What to work on —
Print, unchanged, the line containing "Every object in" along with all lines that follow it to the end of the listing.
Data provided section start
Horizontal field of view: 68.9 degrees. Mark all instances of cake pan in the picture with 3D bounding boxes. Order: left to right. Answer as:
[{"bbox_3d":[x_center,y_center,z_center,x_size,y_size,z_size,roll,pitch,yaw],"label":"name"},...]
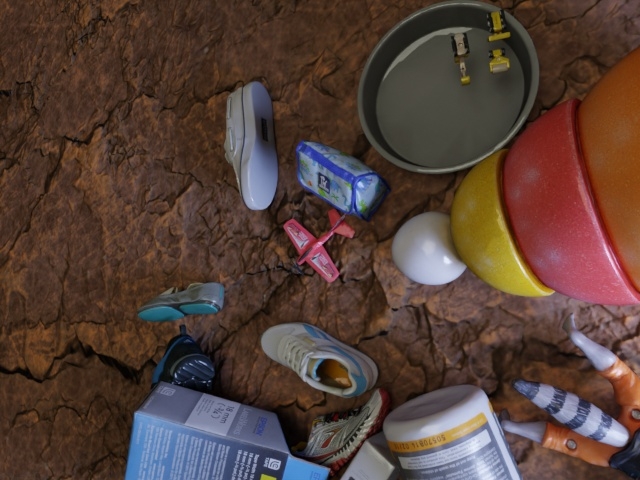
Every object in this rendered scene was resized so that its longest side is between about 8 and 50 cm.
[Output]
Data provided section end
Solution —
Every object in this rendered scene was resized so that its longest side is between about 8 and 50 cm.
[Output]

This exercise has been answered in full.